I love this picture because it shows that Jericho is such a combination of Seth and I. She gets the pinkie toe that curls way under from Seth. From me she gets the size, which tends to be a little on the bigger side, and the fact that she can spread her long skinny toes. She will probably pick things up with them one day, it's not a bad thing it saves you from having to bend down, trust me I know.



Jericho wore her fist pair of shoes to church this Sunday. Daddy kept asking when her feet would be big enough so she could start wearing all the cute shoes she has. Well, they're still not big enough, which is somewhat surprising, but Seth thought they were cute and wanted her to wear them, so she did, and it was cute! You cant get blisters from shoes being to big if you're not walking around in them. Right?


The girl has more shoes than her mommy and she's only 8 weeks old and her mommy is 24 years old, it's sad, but the shoes are cute so she'll wear them. Plus, it will make her Moni happy.

Wednesday, October 24, 2007

Baby Hands

I love baby hands! How they hold on to your finger so tight with no plans to let it go. So trusting and in need of you. How their little fingers tickle your back as you hold them close as if they are thanking you for the snuggle.

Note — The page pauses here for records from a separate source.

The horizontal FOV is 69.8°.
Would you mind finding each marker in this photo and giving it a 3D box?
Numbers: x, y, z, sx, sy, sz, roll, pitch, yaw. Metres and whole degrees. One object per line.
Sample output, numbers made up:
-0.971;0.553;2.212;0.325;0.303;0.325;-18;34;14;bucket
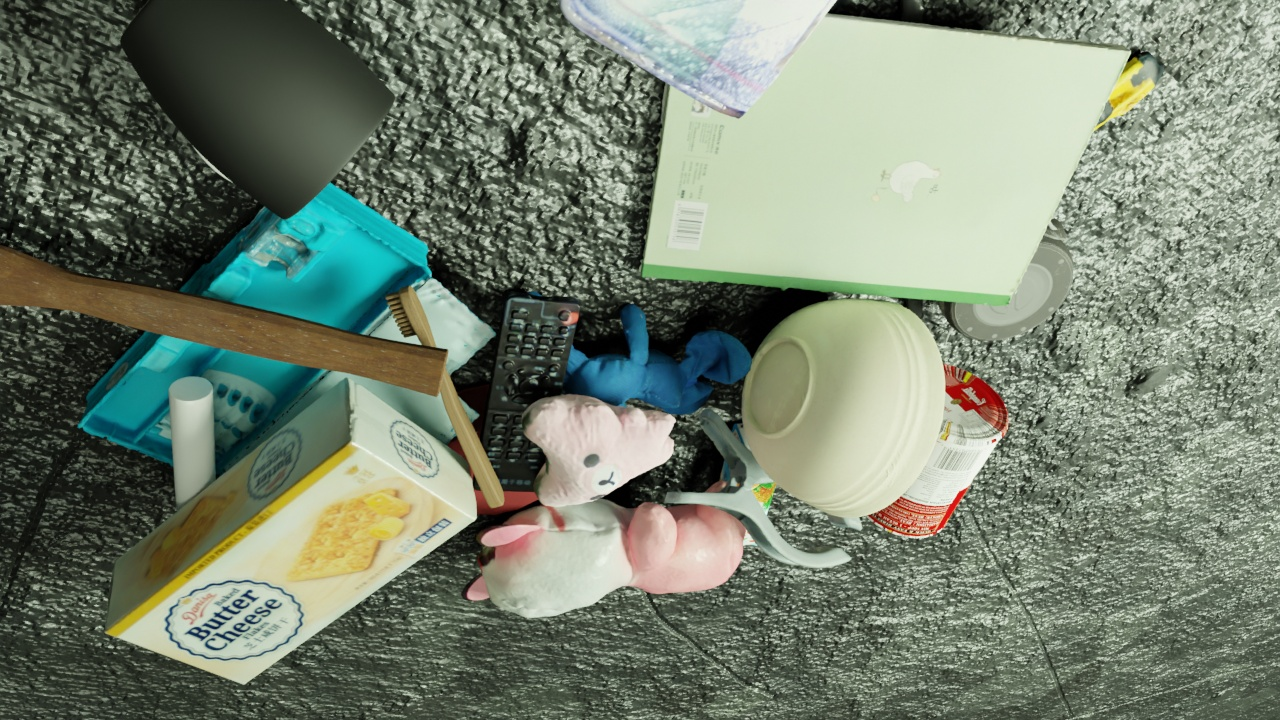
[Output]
-0.273;0.068;0.566;0.027;0.023;0.133;15;126;-5;marker

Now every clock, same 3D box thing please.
0.251;-0.063;0.641;0.091;0.043;0.123;-14;133;2;clock
-0.096;0.064;0.661;0.137;0.048;0.096;-3;133;-13;clock

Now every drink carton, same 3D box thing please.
0.087;0.106;0.759;0.044;0.038;0.129;-3;132;-13;drink carton

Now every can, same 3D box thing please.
0.228;0.072;0.733;0.086;0.086;0.117;-1;133;-15;can

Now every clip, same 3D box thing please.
0.091;0.119;0.684;0.163;0.107;0.028;33;161;-18;clip

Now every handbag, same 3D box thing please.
0.047;-0.207;0.429;0.126;0.069;0.159;22;124;-31;handbag

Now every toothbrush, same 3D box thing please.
-0.115;0.027;0.559;0.016;0.016;0.167;-14;122;6;toothbrush

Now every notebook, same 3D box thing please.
0.134;-0.113;0.551;0.252;0.010;0.182;4;131;-5;notebook

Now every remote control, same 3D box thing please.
-0.075;0.022;0.585;0.047;0.022;0.151;5;123;-18;remote control

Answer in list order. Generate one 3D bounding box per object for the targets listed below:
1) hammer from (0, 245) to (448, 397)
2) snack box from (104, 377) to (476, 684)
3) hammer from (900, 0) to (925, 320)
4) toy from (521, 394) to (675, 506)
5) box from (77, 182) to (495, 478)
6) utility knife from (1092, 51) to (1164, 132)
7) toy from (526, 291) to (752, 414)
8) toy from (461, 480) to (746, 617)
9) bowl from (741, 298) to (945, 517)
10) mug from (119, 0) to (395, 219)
-0.267;-0.027;0.493;0.323;0.033;0.116;13;123;-10;hammer
-0.216;0.111;0.568;0.208;0.057;0.104;-36;131;12;snack box
0.162;-0.138;0.567;0.095;0.015;0.325;-17;135;1;hammer
-0.024;0.055;0.584;0.096;0.052;0.099;-8;136;-6;toy
-0.206;0.011;0.576;0.227;0.056;0.185;-38;123;20;box
0.264;-0.137;0.597;0.163;0.017;0.030;-38;122;24;utility knife
-0.004;0.004;0.619;0.176;0.071;0.113;16;137;-28;toy
-0.028;0.149;0.714;0.213;0.084;0.142;-1;157;-20;toy
0.118;0.024;0.610;0.075;0.150;0.151;15;127;-30;bowl
-0.193;-0.126;0.442;0.119;0.084;0.100;-17;130;44;mug
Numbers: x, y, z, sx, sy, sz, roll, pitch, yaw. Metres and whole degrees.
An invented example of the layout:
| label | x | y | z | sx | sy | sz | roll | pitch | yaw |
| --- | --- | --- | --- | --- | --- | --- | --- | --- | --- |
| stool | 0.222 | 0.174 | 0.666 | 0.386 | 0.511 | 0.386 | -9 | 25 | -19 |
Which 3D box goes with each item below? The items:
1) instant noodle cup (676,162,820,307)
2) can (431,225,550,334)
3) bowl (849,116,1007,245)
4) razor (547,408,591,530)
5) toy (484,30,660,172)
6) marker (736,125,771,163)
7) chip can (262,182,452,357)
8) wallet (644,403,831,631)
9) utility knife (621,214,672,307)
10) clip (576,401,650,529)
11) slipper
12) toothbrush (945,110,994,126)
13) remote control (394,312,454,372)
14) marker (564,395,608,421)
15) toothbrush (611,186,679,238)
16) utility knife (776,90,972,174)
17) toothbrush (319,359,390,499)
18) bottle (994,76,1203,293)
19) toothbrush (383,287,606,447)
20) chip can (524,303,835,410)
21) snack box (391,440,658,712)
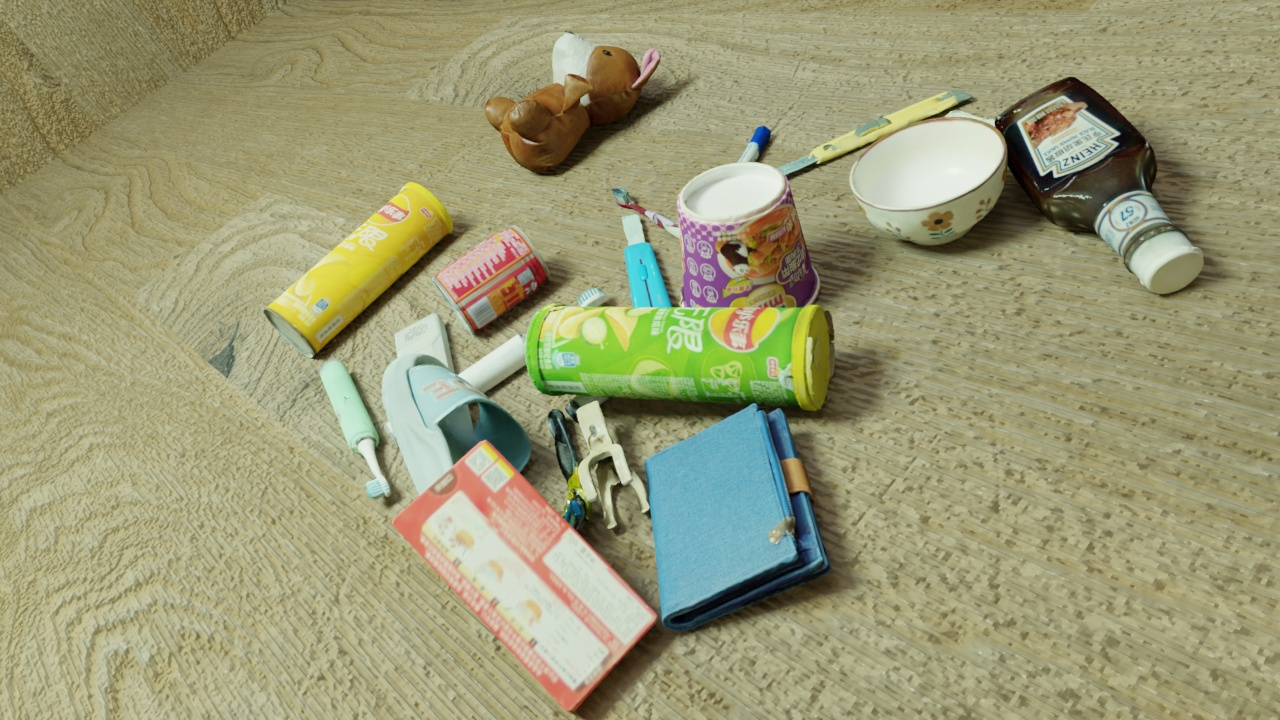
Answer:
| label | x | y | z | sx | sy | sz | roll | pitch | yaw |
| --- | --- | --- | --- | --- | --- | --- | --- | --- | --- |
| instant noodle cup | 0.077 | -0.089 | 0.704 | 0.112 | 0.099 | 0.111 | -10 | 41 | 8 |
| can | -0.139 | -0.077 | 0.863 | 0.093 | 0.066 | 0.066 | -37 | 38 | -10 |
| bowl | 0.223 | -0.128 | 0.699 | 0.114 | 0.062 | 0.113 | -18 | 39 | 15 |
| razor | -0.053 | 0.081 | 0.668 | 0.022 | 0.043 | 0.142 | 10 | 30 | -18 |
| toy | -0.078 | -0.307 | 1.055 | 0.199 | 0.130 | 0.140 | -30 | 31 | -18 |
| marker | 0.093 | -0.175 | 0.872 | 0.017 | 0.017 | 0.145 | 3 | 47 | 34 |
| chip can | -0.298 | -0.099 | 0.986 | 0.072 | 0.072 | 0.212 | 17 | 58 | 43 |
| wallet | 0.055 | 0.094 | 0.572 | 0.106 | 0.040 | 0.132 | -28 | 37 | 16 |
| utility knife | 0.001 | -0.082 | 0.822 | 0.034 | 0.018 | 0.206 | -23 | 37 | 8 |
| clip | -0.019 | 0.081 | 0.650 | 0.034 | 0.081 | 0.104 | -28 | 20 | 2 |
| slipper | -0.121 | 0.066 | 0.662 | 0.074 | 0.104 | 0.245 | -36 | 43 | 0 |
| toothbrush | 0.315 | -0.166 | 0.722 | 0.029 | 0.020 | 0.189 | -7 | 31 | -27 |
| remote control | -0.200 | 0.001 | 0.848 | 0.049 | 0.024 | 0.125 | -28 | 37 | 0 |
| marker | -0.004 | 0.004 | 0.726 | 0.130 | 0.018 | 0.022 | -38 | 32 | -13 |
| toothbrush | 0.021 | -0.136 | 0.870 | 0.016 | 0.017 | 0.187 | -38 | 38 | -11 |
| utility knife | 0.206 | -0.204 | 0.841 | 0.195 | 0.020 | 0.031 | -27 | 31 | 10 |
| toothbrush | -0.252 | 0.058 | 0.814 | 0.027 | 0.026 | 0.224 | -17 | 34 | -22 |
| bottle | 0.317 | -0.122 | 0.635 | 0.080 | 0.044 | 0.194 | -28 | 44 | 17 |
| toothbrush | -0.121 | 0.003 | 0.794 | 0.221 | 0.027 | 0.026 | -35 | 56 | -8 |
| chip can | 0.022 | -0.005 | 0.658 | 0.222 | 0.073 | 0.072 | 2 | 47 | 25 |
| snack box | -0.069 | 0.126 | 0.547 | 0.153 | 0.025 | 0.075 | 44 | 72 | 9 |

I love the little dimples on their chubby hands where knuckles will one day be. Baby hands are so soft and small. They are so innocent. Having done no wrong yet. When I was little there was a song that my mom used to sing to me and one of the verses said, "Oh be careful little hands what you do." What a good song to sing to your children the other verses say oh be careful little eyes what you see, ears what you hear, mouth what you say, and feet where you go. I now sing the song to Jericho and as I sing it to her I pray that she makes wise decisions in what she says, hears, sees, where she goes, and what she does.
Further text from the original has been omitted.